Records from a data collection
○ ○ ○ ○

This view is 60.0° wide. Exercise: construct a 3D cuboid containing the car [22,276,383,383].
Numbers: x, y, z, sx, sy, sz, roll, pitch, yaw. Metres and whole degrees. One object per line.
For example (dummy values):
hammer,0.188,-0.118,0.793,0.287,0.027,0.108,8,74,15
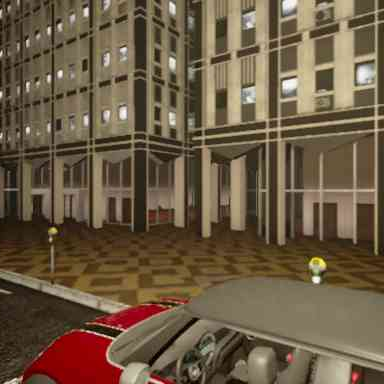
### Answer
car,0.447,1.436,2.560,4.097,1.590,1.967,0,0,36
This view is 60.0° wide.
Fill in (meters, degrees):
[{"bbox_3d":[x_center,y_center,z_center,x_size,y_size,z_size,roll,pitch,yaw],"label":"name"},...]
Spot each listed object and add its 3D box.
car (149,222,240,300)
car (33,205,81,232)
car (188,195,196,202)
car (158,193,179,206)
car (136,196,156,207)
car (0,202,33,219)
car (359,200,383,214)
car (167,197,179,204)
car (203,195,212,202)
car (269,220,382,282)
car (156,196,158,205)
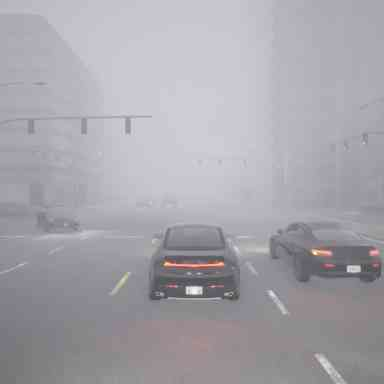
[{"bbox_3d":[0.057,1.505,8.345,1.837,1.490,4.892,0,0,0],"label":"car"},{"bbox_3d":[-8.178,1.526,20.240,1.812,1.442,4.674,1,-1,-33],"label":"car"},{"bbox_3d":[-0.004,1.364,73.853,2.128,1.511,4.902,0,0,0],"label":"car"},{"bbox_3d":[-3.606,1.221,53.344,2.150,2.045,5.566,0,0,1],"label":"car"},{"bbox_3d":[-7.101,1.547,50.103,2.033,1.411,5.357,0,0,0],"label":"car"},{"bbox_3d":[-15.138,1.564,28.623,4.181,1.385,1.994,0,0,0],"label":"car"},{"bbox_3d":[20.844,1.547,35.464,5.357,1.411,2.033,0,0,1],"label":"car"},{"bbox_3d":[-3.553,1.601,63.317,1.895,1.301,4.718,0,0,1],"label":"car"},{"bbox_3d":[3.500,1.500,74.698,1.837,1.490,4.892,0,0,0],"label":"car"},{"bbox_3d":[3.563,1.526,9.601,1.812,1.442,4.674,0,0,0],"label":"car"},{"bbox_3d":[-7.073,1.477,59.926,1.882,1.535,5.008,0,0,0],"label":"car"}]
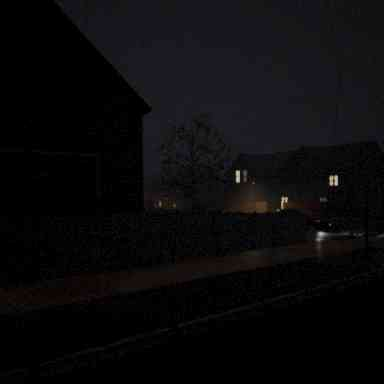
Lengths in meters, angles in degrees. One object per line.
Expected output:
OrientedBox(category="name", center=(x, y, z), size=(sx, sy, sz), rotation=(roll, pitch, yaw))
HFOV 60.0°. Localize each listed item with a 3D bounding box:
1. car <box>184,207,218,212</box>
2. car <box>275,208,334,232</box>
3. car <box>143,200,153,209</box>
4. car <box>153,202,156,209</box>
OrientedBox(category="car", center=(1.211, 2.095, 31.160), size=(2.033, 1.411, 5.357), rotation=(-1, -1, -35))
OrientedBox(category="car", center=(7.254, 1.826, 22.664), size=(1.812, 1.442, 4.674), rotation=(-1, -1, -35))
OrientedBox(category="car", center=(-7.712, 2.134, 43.724), size=(2.150, 2.045, 5.566), rotation=(-1, -1, -35))
OrientedBox(category="car", center=(-7.313, 2.168, 48.114), size=(2.150, 2.045, 5.566), rotation=(-1, -1, -35))
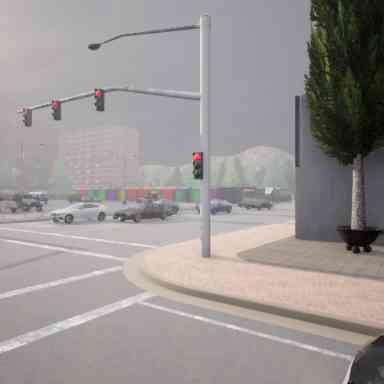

○ ○ ○ ○

Set down exactly, with no additions, each line from the line that includes "HFOV 60.0°. Localize" to the final line of the entries above; leave pictures out.

**Exercise answer:**
HFOV 60.0°. Localize each listed item with a 3D bounding box:
1. car <box>184,207,218,212</box>
2. car <box>275,208,334,232</box>
3. car <box>143,200,153,209</box>
4. car <box>153,202,156,209</box>
OrientedBox(category="car", center=(1.211, 2.095, 31.160), size=(2.033, 1.411, 5.357), rotation=(-1, -1, -35))
OrientedBox(category="car", center=(7.254, 1.826, 22.664), size=(1.812, 1.442, 4.674), rotation=(-1, -1, -35))
OrientedBox(category="car", center=(-7.712, 2.134, 43.724), size=(2.150, 2.045, 5.566), rotation=(-1, -1, -35))
OrientedBox(category="car", center=(-7.313, 2.168, 48.114), size=(2.150, 2.045, 5.566), rotation=(-1, -1, -35))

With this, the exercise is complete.